- Directed by: Gerardine Wurzburg
- Produced by: Thomas C. Goodwin Gerardine Wurzburg Sheila Nevins
- Starring: Judy Gwazdauskas Peter Gwazdauskas
- Cinematography: Gary Griffin
- Edited by: Grady Watts Ilana Bittner
- Music by: Richard Einhorn
- Production companies: State of the Art, Inc.
- Distributed by: HBO (TV) Direct Cinema Limited (educational)
- Release date: December 15, 1992;
- Running time: 30 minutes
- Country: United States
- Language: English

= Educating Peter =

1992 film

Educating Peter is a 1992 American short documentary film directed by Gerardine Wurzburg about Peter Gwazdauskas, a special needs student with Down syndrome, and his inclusion in a standard third grade classroom in Blacksburg, Virginia. It won an Oscar at the 65th Academy Awards in 1993 for Documentary Short Subject.

== Overview ==
Peter Gwazdauskas, a third-grade boy with Down syndrome, is attending a traditional school with typically developing students for the first time.
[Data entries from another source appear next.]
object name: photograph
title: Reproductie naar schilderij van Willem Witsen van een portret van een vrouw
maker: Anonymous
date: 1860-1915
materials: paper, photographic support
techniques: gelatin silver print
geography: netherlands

Previously, he was enrolled in a school exclusively for students with disabilities. His transition is based on federal law, which requires that students with disabilities be educated alongside their peers in traditional schools.
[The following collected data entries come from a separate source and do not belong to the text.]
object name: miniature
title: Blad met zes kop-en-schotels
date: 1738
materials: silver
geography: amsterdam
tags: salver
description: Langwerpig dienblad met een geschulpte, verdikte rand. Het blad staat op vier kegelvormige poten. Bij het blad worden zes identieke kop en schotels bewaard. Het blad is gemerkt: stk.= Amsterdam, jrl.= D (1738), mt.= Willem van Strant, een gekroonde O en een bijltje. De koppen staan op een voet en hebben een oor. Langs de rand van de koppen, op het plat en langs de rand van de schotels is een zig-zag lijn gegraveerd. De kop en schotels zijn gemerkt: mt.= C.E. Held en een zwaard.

At first, Peter struggles. During the first half of the school year, he displays challenging behaviors such as making loud noises, rolling on the floor, and occasionally acting aggressively toward classmates. However, by January, his behavior begins to improve significantly. By the end of the school year, he is doing well.

Recognizing his progress, the school awards Peter an "Exceptional Student" award on the last day of school, celebrating his achievements along with his classmates.

==Cast==
- Judy Gwazdauskas as Herself (Peter's Mother)
- Frank Gwazdauskas as Himself (Peter's Father)
- Peter Gwazdauskas as Himself
- Mrs. Martha Ann Stallings (Peter's Teacher) and her class.
- Mrs. Colley (Special Education Teacher)

==Sequel==
Graduating Peter was released in 2001. The sequel follows Peter in middle school, high school, and his high school graduation.